Intramural Research Program, National Institute on Drug Abuse, Baltimore, MD, USA.
Psychology Department, Princeton University, Princeton, NJ, USA.
Nat Neurosci. 2023 May;26(5):830-839. doi: 10.1038/s41593-023-01310-x. Epub 2023 Apr 20.
Dopamine neuron activity is tied to the prediction error in temporal difference reinforcement learning models. These models make significant simplifying assumptions, particularly with regard to the structure of the predictions fed into the dopamine neurons, which consist of a single chain of timepoint states. Although this predictive structure can explain error signals observed in many studies, it cannot cope with settings where subjects might infer multiple independent events and outcomes. In the present study, we recorded dopamine neurons in the ventral tegmental area in such a setting to test the validity of the single-stream assumption. Rats were trained in an odor-based choice task, in which the timing and identity of one of several rewards delivered in each trial changed across trial blocks. This design revealed an error signaling pattern that requires the dopamine neurons to access and update multiple independent predictive streams reflecting the subject's belief about timing and potentially unique identities of expected rewards.

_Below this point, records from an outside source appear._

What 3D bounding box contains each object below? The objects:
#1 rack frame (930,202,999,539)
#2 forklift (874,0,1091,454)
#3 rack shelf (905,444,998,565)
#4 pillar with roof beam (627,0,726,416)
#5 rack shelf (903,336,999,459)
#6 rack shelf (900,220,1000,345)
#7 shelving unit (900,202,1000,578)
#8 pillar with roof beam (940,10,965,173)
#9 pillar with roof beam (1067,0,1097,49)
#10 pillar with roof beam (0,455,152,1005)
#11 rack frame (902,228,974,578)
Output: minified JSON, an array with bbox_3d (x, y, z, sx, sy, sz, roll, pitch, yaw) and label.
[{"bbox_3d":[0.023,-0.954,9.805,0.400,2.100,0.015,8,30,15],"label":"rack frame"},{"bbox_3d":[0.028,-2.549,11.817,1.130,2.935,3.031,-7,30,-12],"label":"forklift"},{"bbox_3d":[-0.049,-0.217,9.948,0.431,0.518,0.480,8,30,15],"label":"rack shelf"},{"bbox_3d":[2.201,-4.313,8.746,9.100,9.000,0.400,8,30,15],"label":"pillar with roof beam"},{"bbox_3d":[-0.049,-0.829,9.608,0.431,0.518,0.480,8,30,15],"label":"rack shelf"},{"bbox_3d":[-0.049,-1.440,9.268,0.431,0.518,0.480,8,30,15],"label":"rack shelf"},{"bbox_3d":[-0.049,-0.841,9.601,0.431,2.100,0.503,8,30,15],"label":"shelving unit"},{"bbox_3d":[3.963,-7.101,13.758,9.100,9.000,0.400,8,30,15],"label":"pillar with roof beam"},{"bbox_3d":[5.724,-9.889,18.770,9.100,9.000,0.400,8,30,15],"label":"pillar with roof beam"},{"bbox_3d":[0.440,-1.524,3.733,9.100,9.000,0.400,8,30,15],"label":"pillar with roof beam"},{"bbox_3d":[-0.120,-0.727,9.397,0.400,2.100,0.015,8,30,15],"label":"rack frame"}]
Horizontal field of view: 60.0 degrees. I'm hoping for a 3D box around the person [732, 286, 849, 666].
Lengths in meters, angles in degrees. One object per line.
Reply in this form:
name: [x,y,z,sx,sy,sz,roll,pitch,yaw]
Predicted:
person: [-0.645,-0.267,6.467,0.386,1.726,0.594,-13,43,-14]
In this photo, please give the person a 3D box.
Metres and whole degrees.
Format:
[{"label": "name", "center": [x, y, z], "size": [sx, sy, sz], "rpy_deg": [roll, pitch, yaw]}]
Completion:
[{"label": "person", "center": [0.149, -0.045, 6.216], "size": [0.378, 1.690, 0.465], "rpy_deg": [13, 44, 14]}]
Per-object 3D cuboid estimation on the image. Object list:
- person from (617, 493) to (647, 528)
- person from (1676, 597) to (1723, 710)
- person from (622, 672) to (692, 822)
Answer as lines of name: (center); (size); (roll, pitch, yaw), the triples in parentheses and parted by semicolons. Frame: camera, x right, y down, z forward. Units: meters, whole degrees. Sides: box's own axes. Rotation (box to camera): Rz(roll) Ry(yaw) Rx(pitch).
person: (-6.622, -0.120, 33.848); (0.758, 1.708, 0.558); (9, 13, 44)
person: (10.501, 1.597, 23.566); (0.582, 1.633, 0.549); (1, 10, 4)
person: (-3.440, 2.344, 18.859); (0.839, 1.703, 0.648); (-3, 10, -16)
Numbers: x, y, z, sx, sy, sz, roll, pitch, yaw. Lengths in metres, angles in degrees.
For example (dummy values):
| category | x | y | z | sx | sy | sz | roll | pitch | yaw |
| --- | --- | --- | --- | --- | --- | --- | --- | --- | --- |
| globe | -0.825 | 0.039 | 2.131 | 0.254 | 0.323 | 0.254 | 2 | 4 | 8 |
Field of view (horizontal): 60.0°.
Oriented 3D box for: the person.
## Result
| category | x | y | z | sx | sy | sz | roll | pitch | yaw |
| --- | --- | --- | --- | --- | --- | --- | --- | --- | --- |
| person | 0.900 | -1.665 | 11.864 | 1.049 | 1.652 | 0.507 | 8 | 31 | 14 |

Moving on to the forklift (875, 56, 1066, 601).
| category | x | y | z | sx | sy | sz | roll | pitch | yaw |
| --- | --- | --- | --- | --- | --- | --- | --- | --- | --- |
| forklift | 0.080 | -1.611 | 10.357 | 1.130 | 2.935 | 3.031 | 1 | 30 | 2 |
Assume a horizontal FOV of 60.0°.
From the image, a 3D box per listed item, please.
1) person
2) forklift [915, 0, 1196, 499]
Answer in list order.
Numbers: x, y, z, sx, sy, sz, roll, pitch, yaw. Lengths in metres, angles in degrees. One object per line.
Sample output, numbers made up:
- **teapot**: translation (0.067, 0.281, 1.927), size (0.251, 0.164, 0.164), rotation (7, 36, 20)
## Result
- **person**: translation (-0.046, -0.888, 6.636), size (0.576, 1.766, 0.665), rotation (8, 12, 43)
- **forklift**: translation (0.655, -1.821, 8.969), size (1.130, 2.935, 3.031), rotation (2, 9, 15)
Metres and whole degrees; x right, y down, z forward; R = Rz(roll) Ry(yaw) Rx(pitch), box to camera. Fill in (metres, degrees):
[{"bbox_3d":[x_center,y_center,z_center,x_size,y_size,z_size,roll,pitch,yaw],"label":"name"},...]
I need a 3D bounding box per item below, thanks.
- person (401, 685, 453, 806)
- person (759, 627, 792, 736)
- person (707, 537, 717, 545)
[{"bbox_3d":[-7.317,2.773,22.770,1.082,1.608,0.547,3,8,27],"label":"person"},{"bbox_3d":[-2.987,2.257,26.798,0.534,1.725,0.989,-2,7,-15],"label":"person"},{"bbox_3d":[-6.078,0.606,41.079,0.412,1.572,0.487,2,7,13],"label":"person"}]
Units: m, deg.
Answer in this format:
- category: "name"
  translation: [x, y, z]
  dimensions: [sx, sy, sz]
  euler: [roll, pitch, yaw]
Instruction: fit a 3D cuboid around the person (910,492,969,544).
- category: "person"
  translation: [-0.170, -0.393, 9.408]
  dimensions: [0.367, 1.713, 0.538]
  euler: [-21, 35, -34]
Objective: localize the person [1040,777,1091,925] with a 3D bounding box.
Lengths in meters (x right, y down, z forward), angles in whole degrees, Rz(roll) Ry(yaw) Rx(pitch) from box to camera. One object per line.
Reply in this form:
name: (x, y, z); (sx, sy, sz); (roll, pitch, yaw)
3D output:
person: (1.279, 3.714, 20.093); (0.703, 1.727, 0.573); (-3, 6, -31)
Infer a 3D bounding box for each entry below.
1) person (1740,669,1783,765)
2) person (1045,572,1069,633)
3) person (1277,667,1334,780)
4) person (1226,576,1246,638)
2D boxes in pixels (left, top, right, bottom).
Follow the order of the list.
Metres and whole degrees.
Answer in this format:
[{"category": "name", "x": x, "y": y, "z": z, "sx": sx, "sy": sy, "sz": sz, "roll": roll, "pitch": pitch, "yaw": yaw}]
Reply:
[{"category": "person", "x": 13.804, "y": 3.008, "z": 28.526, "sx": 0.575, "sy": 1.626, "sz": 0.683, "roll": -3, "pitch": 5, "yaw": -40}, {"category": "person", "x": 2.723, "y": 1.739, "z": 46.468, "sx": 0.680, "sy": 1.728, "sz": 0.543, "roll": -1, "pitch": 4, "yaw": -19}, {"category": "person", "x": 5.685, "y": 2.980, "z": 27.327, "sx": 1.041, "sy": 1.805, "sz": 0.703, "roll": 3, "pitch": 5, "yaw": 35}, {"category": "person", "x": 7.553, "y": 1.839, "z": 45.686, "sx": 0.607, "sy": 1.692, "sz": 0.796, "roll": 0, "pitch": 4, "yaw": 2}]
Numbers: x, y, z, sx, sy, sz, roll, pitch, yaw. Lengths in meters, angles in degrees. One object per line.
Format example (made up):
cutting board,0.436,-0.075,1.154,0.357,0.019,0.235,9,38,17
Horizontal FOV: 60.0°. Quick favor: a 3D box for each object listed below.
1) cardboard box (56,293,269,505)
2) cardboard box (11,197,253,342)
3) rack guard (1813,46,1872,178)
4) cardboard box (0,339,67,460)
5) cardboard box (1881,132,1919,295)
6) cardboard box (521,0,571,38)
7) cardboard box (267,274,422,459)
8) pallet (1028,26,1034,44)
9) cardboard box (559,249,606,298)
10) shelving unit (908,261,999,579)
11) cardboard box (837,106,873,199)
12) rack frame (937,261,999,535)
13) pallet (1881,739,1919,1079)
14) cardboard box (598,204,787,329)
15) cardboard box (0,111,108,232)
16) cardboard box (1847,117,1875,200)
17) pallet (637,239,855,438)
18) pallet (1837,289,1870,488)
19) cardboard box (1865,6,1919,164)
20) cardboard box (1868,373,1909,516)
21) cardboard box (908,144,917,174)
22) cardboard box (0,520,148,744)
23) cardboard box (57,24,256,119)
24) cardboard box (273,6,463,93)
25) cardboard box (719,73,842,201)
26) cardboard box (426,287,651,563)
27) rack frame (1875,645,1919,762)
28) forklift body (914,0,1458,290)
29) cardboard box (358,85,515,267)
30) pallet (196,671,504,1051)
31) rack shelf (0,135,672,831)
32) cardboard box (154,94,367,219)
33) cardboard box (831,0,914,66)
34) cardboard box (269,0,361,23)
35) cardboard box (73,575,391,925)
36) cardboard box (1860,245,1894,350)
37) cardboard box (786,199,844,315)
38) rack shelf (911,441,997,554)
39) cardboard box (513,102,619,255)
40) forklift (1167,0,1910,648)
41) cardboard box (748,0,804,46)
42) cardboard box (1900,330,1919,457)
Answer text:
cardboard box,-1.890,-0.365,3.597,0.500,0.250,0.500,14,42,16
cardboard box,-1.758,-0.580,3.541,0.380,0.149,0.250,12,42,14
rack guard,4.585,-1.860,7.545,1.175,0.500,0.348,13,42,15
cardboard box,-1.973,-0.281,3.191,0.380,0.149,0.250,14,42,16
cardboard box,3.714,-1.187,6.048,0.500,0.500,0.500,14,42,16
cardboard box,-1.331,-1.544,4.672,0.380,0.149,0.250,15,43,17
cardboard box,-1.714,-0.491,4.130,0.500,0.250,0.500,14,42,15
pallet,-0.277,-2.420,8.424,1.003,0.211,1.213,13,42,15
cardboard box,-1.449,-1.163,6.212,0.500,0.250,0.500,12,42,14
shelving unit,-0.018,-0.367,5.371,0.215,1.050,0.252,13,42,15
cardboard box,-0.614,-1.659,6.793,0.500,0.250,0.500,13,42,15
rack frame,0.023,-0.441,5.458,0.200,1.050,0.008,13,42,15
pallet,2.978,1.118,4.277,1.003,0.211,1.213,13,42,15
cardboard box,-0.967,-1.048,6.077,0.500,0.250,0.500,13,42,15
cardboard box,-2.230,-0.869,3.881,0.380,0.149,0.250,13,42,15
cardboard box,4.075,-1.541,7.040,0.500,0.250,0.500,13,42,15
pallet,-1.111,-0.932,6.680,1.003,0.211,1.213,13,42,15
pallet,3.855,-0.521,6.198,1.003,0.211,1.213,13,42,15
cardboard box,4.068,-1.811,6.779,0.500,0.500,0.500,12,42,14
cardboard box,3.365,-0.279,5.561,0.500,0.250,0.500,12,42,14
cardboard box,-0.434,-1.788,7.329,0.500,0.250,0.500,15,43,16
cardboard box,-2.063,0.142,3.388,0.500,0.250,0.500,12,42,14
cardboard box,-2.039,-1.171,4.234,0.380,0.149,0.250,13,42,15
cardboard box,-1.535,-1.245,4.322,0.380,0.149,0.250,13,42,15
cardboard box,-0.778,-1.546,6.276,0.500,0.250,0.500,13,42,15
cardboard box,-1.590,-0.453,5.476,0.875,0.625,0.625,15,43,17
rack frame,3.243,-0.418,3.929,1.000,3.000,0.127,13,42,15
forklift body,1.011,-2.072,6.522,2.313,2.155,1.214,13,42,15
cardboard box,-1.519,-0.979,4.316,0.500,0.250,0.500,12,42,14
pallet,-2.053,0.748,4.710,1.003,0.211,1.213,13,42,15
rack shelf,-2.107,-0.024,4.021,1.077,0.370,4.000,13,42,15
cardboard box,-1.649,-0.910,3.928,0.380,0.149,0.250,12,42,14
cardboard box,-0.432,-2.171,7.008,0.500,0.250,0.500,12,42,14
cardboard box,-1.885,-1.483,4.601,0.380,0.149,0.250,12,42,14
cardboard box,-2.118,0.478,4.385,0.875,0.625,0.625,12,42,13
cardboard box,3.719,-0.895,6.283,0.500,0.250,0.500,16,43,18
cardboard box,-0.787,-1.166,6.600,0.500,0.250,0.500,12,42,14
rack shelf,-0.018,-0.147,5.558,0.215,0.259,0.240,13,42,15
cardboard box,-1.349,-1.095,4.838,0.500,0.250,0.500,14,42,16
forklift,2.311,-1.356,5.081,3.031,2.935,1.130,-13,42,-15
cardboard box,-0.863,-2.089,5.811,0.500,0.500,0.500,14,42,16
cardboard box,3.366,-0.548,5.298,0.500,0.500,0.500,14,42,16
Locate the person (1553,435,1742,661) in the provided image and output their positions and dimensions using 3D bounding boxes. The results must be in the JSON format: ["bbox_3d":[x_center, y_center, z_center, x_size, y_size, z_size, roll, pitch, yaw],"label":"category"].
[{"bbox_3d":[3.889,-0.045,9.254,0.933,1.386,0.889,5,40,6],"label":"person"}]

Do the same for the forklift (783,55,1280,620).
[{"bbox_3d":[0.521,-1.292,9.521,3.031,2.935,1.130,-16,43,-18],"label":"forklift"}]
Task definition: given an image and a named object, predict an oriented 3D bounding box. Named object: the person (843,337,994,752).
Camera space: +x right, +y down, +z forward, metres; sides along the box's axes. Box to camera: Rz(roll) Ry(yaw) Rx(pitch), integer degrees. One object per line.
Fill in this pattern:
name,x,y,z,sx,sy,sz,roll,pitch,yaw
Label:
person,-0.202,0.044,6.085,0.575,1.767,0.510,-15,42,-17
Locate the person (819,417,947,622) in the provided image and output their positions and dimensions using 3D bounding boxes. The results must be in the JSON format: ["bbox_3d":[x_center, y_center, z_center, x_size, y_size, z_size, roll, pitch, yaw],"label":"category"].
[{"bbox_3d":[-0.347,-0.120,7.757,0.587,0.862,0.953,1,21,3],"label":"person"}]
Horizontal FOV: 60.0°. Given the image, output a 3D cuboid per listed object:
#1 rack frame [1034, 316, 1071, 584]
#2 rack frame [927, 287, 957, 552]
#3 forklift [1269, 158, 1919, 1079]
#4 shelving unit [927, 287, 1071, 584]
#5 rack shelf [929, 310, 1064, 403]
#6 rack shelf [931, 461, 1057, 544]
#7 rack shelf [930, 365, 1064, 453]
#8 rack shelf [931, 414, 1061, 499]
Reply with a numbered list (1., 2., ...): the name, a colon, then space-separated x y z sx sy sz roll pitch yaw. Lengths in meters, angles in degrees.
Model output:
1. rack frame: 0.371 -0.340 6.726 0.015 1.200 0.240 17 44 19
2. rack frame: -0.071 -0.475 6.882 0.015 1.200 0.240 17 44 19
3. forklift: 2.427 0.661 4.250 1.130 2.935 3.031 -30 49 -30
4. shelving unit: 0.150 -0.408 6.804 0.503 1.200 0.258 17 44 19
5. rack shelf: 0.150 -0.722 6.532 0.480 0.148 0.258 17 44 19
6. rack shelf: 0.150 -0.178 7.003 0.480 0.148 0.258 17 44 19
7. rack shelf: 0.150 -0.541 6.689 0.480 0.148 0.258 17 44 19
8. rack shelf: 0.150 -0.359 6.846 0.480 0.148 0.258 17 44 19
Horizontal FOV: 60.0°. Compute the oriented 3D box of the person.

多巴胺神经元的活动与时间差分强化学习模型中的预测误差有关。这些模型做出了重大的简化假设,特别是对于输入到多巴胺神经元的预测结构,其仅由单个时间点状态链组成。尽管这种预测结构可以解释许多研究中观察到的错误信号,但它无法应对主体可能推断出多个独立事件和结果的情况。在本研究中,我们在这样的设置中记录腹侧被盖区的多巴胺神经元,以测试单流假设的有效性。大鼠在基于气味的选择任务中接受训练,在该任务中,每次试验中多个奖励之一的时间和身份在试验块之间变化。这种设计揭示了一种错误信号模式,要求多巴胺神经元访问和更新多个独立的预测流,以反映主体关于预期奖励的时间和潜在独特身份的信念。